Windows 8's core premise is that the desktop OS UI is in decline. That the keyboard and mouse are outmoded and the touchscreen is the ideal. This is not what I believe, this is what Microsoft  believes, as evidenced by Windows 8. Why do I say that? Because they have taken 18 years of perfecting the Windows 95 workflow, selling it to billions of people, then thrown it all out. Windows 8 is Frankenstein. New UI motifs gobbed onto existing ones as an act of corporate desperation, with no way to turn it off.

The fundamental view is a full screen Metro view yet all existing apps are desktop apps. This makes usage pattern on Windows 8 is so bizarre and jarring for desktop users it's intolerable. Hit the Windows key and suddenly everything gets replaced by a monstrous full screen Metro panel. And then the funniest part is that visual discoverability is worse  in Metro than it is in Windows 7. Need to find a way to add a printer? You need to know to swipe over to the right hand side of the screen, get the charms bar, hit Search and then type for "printer" AND THEN click "Control Panels" to search. There is no way to click around the screen until you find it like in W95->Win7.

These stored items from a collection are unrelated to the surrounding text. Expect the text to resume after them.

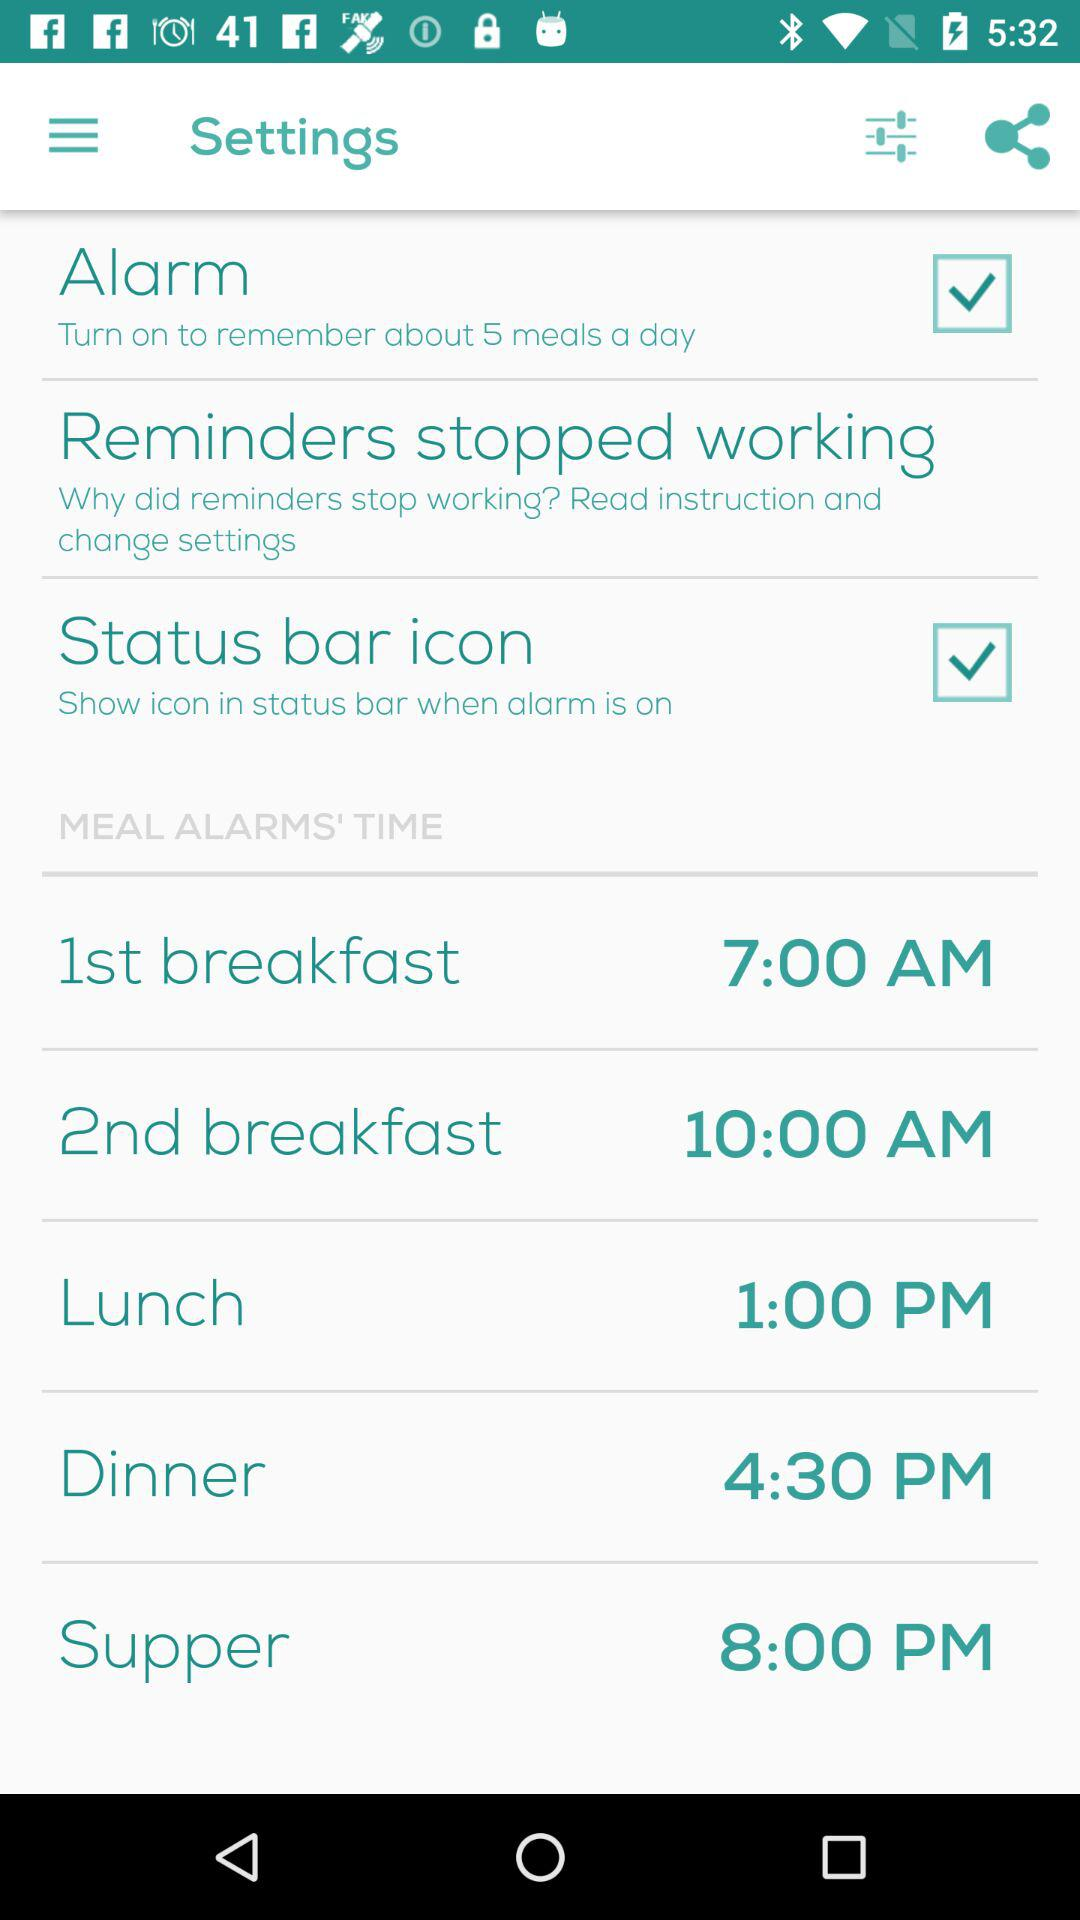What is the status of the "Alarm"? The status is "on". 
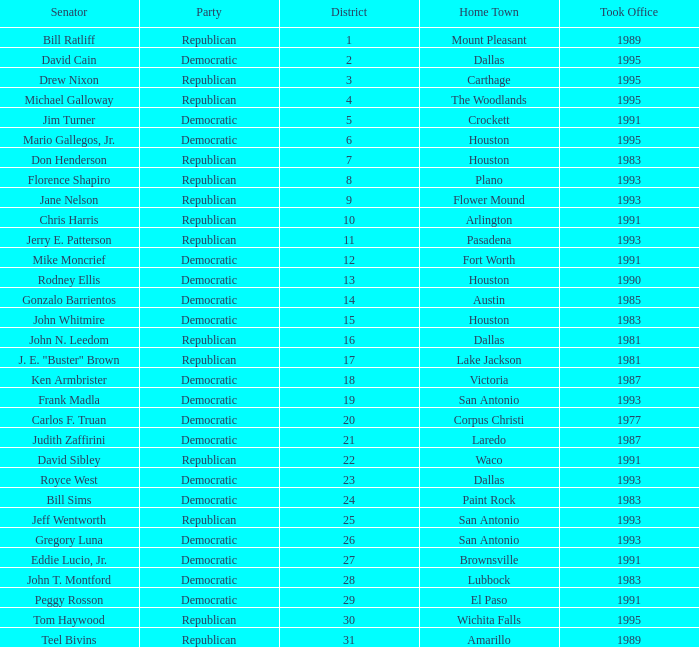What party took office after 1993 with Senator Michael Galloway? Republican. 
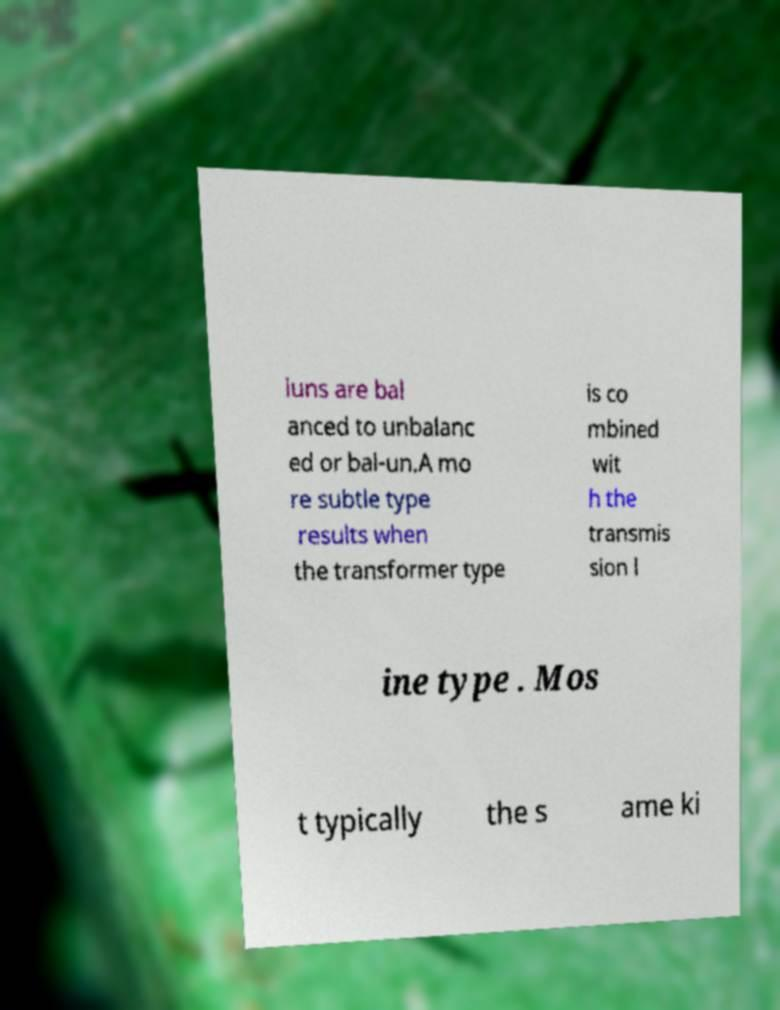Could you assist in decoding the text presented in this image and type it out clearly? luns are bal anced to unbalanc ed or bal-un.A mo re subtle type results when the transformer type is co mbined wit h the transmis sion l ine type . Mos t typically the s ame ki 
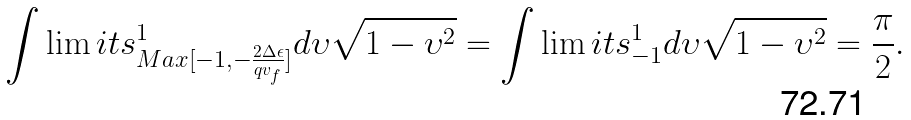<formula> <loc_0><loc_0><loc_500><loc_500>\int \lim i t s _ { M a x [ - 1 , - \frac { 2 \Delta \epsilon } { q v _ { f } } ] } ^ { 1 } d \upsilon \sqrt { 1 - \upsilon ^ { 2 } } = \int \lim i t s _ { - 1 } ^ { 1 } d \upsilon \sqrt { 1 - \upsilon ^ { 2 } } = \frac { \pi } { 2 } .</formula>

But here's the kicker: no-way, no-how can Metro supplant Windows desktop apps as they exist today. You can only see two Metro apps at a time. Even if you have a 30" monitor, as I do, you get only two. No longer do you have the cool snapping of Windows 7 -- a massive boon to usability that Win7 introduced -- but now you can only have predetermined division sizes you can use. It's as if no one at Microsoft envisioned what it might be like to develop actual productivity applications for Metro before converting the whole operating system to it. Need to see five spreadsheets at a time to cut and paste between them? Tough shit.

The most telling part? The truly shocking thing? The "Metroized" Office that ships with Surface is a desktop app . It pops you out of the full screen Metro experience to operate. It has widgets that are flattened out like Metro, but even Microsoft realizes that nobody can use this full screen WinRT experience for anything serious.

So there you have it. There's my 2c on why Windows 8 is an unmitigated disaster. WinRT is not in itself a bad idea. Metro is not a bad idea. The problem is that Microsoft tried to approach the problem of convergence by smashing the two onto desktop Windows instead of finding a reasonable middle-ground. Not even Apple has been brazen enough to think this is a good idea.

Microsoft should undo the damage and revert away all of this Metro crap. Maybe people will pay for this upgrade. Then for their future strategy, simply fork Android and build Office, plus their C#, C++, .NET tooling for it. Give up on the OS market--they're screwed either way--and start working towards a stronger services market.

FWIW, I didn't bother downgrading to Win 7 as mentioned in my tweet. I instead loaded on Mint 14. It works better on this PC (note: there is no ethernet driver support for Win 8 on a 1 year old XPS 8300!!). It has a windowing UI that works well and I can just boot into Windows 8 when I want to play games.